WORK INSTRUCTION
The lines to reproduce from the material below are those from the one containing "14. desk (340,327,477,511)" through the one containing "16. person (39,94,122,432)", both included; write them out exactly and add nothing.

DATA PROVIDED
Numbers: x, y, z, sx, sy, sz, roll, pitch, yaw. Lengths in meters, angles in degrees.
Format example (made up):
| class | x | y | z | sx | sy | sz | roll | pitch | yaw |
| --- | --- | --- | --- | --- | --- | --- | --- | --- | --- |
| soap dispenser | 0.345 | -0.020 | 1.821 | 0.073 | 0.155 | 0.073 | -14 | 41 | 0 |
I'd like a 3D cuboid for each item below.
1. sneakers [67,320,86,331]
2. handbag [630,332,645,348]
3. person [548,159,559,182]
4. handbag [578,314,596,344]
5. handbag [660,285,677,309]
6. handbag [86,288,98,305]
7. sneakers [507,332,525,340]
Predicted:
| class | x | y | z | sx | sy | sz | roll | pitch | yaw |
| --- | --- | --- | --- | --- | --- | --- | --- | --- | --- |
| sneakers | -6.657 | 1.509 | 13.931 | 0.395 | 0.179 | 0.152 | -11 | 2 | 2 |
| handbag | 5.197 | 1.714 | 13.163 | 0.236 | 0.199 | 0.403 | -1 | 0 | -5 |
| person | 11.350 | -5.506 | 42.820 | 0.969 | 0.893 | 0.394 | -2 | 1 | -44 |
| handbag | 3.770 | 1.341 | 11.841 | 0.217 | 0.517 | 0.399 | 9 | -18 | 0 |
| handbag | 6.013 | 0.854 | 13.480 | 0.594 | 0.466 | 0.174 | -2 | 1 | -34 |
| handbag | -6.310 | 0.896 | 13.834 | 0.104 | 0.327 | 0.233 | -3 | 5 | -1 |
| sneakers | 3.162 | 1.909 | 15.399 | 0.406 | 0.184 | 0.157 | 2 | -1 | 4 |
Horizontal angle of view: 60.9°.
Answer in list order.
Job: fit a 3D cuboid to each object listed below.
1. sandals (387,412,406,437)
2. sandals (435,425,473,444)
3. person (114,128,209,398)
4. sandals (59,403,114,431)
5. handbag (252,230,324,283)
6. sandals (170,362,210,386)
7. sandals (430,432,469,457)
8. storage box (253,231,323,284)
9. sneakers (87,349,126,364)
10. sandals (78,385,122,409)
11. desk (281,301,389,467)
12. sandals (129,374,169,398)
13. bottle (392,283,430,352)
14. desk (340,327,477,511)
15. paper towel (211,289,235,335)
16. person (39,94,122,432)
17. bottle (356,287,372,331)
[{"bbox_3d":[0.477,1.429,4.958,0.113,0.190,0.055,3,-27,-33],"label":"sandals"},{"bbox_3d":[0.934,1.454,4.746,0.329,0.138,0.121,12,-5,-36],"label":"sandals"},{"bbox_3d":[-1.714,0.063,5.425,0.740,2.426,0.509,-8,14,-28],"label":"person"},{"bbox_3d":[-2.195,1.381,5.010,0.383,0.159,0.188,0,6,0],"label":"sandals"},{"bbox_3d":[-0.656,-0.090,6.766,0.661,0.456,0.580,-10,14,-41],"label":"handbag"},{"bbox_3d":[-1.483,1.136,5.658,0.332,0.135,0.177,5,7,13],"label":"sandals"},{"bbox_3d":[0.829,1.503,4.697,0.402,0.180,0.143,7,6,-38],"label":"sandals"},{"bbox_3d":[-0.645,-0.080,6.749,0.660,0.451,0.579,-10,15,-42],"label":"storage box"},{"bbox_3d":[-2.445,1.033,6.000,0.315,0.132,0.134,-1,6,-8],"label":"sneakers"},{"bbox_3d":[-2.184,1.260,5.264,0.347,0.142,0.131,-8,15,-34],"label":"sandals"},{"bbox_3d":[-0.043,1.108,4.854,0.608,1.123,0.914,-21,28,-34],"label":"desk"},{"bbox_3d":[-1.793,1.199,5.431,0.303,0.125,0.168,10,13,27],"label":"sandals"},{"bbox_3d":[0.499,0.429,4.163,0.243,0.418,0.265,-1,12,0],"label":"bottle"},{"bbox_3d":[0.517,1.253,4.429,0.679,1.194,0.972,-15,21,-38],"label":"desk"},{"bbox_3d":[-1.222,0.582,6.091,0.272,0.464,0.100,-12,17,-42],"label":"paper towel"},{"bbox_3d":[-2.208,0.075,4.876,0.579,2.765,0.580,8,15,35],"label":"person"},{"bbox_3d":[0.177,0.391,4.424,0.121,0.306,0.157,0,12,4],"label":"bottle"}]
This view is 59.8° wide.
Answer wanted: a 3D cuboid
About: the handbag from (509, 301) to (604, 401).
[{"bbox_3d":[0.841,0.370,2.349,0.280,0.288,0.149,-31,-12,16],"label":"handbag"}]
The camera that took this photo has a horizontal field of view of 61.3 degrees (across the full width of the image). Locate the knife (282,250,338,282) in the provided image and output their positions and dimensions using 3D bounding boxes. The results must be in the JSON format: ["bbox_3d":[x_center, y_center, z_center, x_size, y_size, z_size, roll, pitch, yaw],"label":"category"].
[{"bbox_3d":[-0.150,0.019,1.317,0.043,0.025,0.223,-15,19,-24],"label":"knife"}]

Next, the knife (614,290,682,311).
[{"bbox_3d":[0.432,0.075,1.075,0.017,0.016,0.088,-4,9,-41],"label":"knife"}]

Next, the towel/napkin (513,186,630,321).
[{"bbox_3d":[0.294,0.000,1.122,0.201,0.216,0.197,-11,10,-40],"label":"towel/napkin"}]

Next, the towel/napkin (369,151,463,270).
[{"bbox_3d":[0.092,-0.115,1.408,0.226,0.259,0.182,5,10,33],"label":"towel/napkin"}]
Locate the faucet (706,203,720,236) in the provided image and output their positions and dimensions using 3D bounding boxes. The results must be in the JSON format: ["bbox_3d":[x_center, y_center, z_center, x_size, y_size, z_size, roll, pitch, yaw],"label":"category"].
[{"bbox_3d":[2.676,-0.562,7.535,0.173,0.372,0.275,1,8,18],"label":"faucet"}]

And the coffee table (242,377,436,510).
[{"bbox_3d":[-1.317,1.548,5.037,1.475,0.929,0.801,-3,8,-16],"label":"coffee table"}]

SOLUTION TO THIS PROBLEM
14. desk (340,327,477,511)
15. paper towel (211,289,235,335)
16. person (39,94,122,432)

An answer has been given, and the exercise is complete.